Informacoes sobre ordens
| Nome do Produto | Numero de Catalogo | UNID | Preco | Qde | FAVORITOS | |
Maspin Plasmídeo duplo de Nickase (h) | sc-416693-NIC | 20 µg | $410.00 | |||
Maspin Plasmídeo duplo de Nickase (h2) | sc-416693-NIC-2 | 20 µg | $410.00 |
SERPINB5 codifica a Maspina (Maspin), um membro não clássico da família de inibidores de proteases de serina que atua como regulador dependente do contexto da adesão celular epitelial, da motilidade e das interações com a matriz extracelular. A Maspina influencia a remodelação do citoesqueleto e programas de sinalização célula–matriz ligados à migração e à invasão, e há relatos de que modula respostas ao estresse oxidativo e a regulação associada à cromatina por meio de interações com parceiros nucleares e citoplasmáticos. Alterações na expressão e na localização subcelular de SERPINB5 têm sido associadas a fenótipos de progressão tumoral em múltiplos tipos de tecido, tornando-o um nó molecular útil para estudar mecanismos do comportamento celular relacionado à metástase. Como um gene associado a biomarcadores na biologia do câncer, SERPINB5 é frequentemente investigado em modelos de diferenciação epitelial, invasão e remodelação do microambiente.

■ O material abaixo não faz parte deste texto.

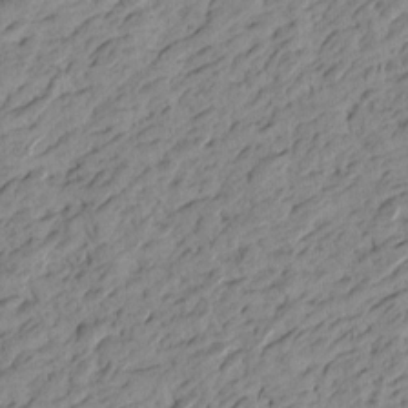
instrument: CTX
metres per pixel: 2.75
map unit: Htu
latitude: -4.0472
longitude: -176.1955

Maspin O Plasmídeo de Nickase Dupla (h) consiste num par de plasmídeos combinados, concebidos para a edição de alta especificidade do locus SERPINB5 em linhas celulares human. Cada plasmídeo expressa uma nickase Cas9 D10A e um sgRNA distinto que tem como alvo cadeias de ADN opostas dentro de SERPINB5. Quando direcionadas para locais adjacentes em cadeias de ADN opostas, as duas nickases geram cortes deslocados numa única cadeia que, em conjunto, produzem uma quebra escalonada de cadeia dupla, exigindo uma atividade coordenada no alvo por parte de ambas as guias. A quebra de ADN resultante é resolvida por vias de reparação celular endógenas, mais frequentemente através da junção de extremidades não homólogas (NHEJ), levando a inserções ou deleções que perturbam a função SERPINB5. Ao exigir o envolvimento de dois sgRNA no locus alvo, a abordagem de dupla nickase aumenta a especificidade da edição e fornece uma estratégia CRISPR complementar para aplicações em que se deseja um controlo adicional sobre a precisão do direcionamento.

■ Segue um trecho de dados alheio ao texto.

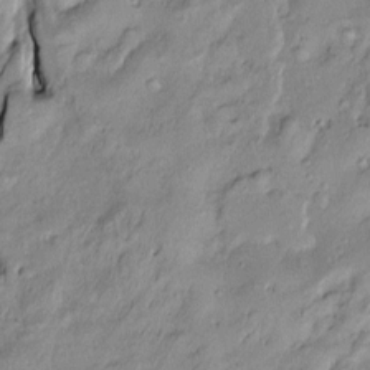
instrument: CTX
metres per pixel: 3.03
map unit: Htu
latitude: -9.7855
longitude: 176.6330
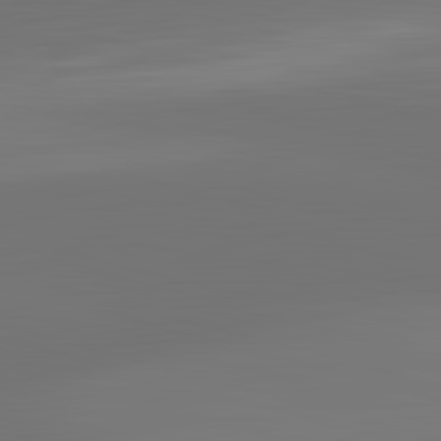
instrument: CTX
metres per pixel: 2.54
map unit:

Para apoiar a identificação eficiente das células editadas, um plasmídeo codifica GFP para visualização fluorescente das populações transfectadas, enquanto o plasmídeo complementar transporta um gene de resistência à puromicina para seleção antibiótica. Em conjunto, estas características apoiam o enriquecimento eficiente das populações co-transfectadas e simplificam a validação dos clones com SERPINB5 interrompido.
Apenas para uso em investigação. Não se destina a uso diagnóstico ou terapêutico.